The dog has learned that it pays to bark in certain situations

A dog can also bark in certain situations because it has learned that it pays off. For example, does the dog stand up and bark at you when it is bored? Then it has probably learned that if it does, there is a good chance that mistress/master will get up and come up with something.

Then a solution might be to ignore the dog when it barks and instead make sure to reward when the dog is calm. Then you have to have the patience to sit there on the couch and pretend the dog isn't there if it barks educationally, but be careful to instead find something fun to do with the dog when it has quieted down and laid down to rest.

Other tricks to make the dog bark less

Learn on command

It is also possible to train the dog to stop barking on command. You can do this by rewarding the dog when it quiets down. It can also be done with clicks. Add the command "quiet" or "sh" in a calm voice when the dog stops barking.

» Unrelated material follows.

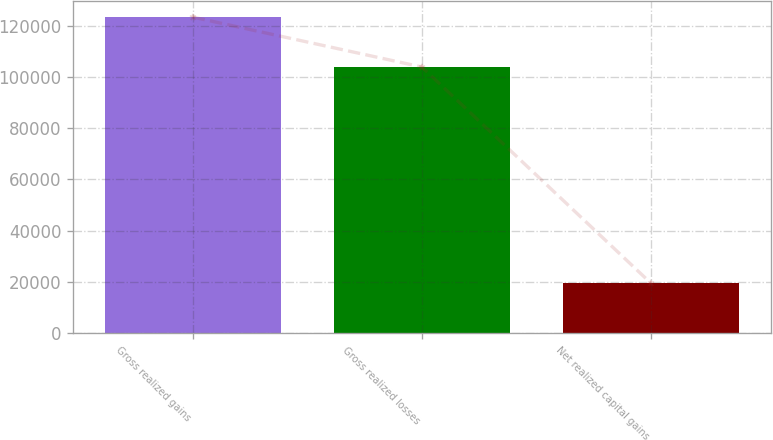Convert chart. <chart><loc_0><loc_0><loc_500><loc_500><bar_chart><fcel>Gross realized gains<fcel>Gross realized losses<fcel>Net realized capital gains<nl><fcel>123361<fcel>103878<fcel>19483<nl></chart> 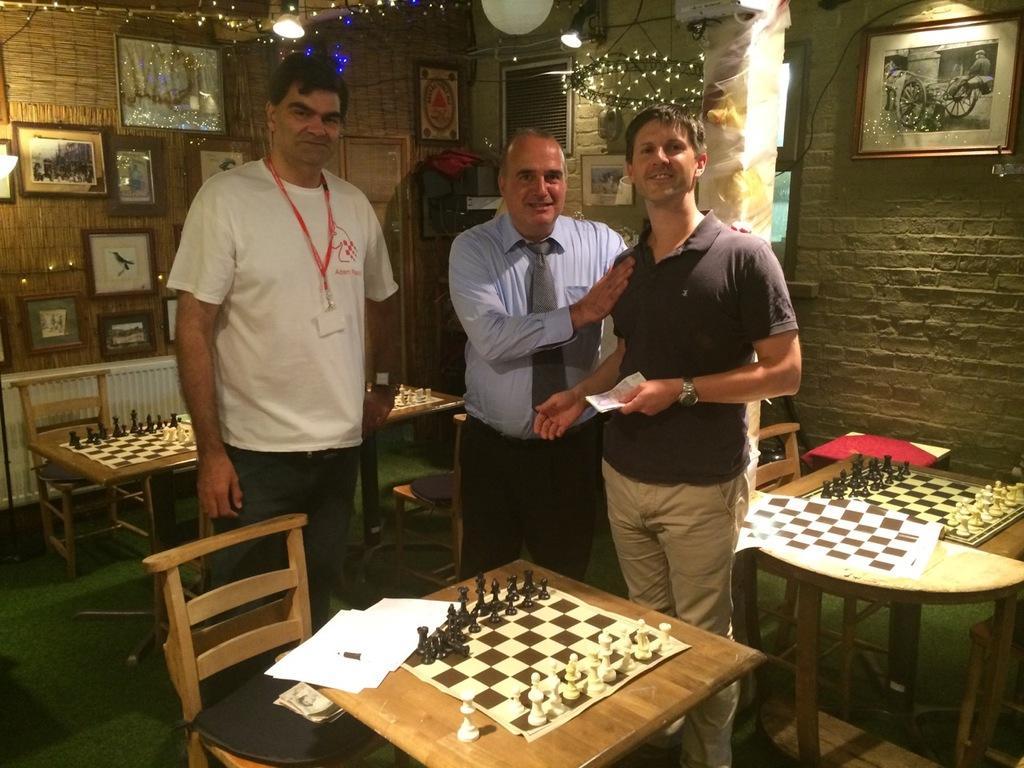How would you summarize this image in a sentence or two? In this image there are three persons who are standing and there are chess boards around them and at the top of the image there are sceneries attached to the wall.

It may sound strange. But sometimes it is actually easier to teach the dog to bark to get the dog to be quiet first. Hang up the command as soon as your dog barks and reward immediately. When the dog has learned the meaning of shell, you can start training "quietly".

Teach an incompatible behavior

You can also teach the dog a behavior that cannot be performed while barking and thus make the dog quiet in certain situations. It could be, for example, that you teach the dog to wear your mitt in its mouth when you meet dogs. Then the dog simply cannot bark because it is busy with something else. However, this is not preferable when it comes to dogs that are stressed or fearful - then it is better to address the underlying problem.

It can take a while to get over excessive barking. For many dogs, it has become a normal and ingrained behavior. Therefore, it is important to keep patience and be consistent in learning. Make sure to include training in your routines and don't forget to praise when the dog does the right thing. Never punish a barking dog! If the problem persists, you may need to seek help. Then contact a dog trainer for help.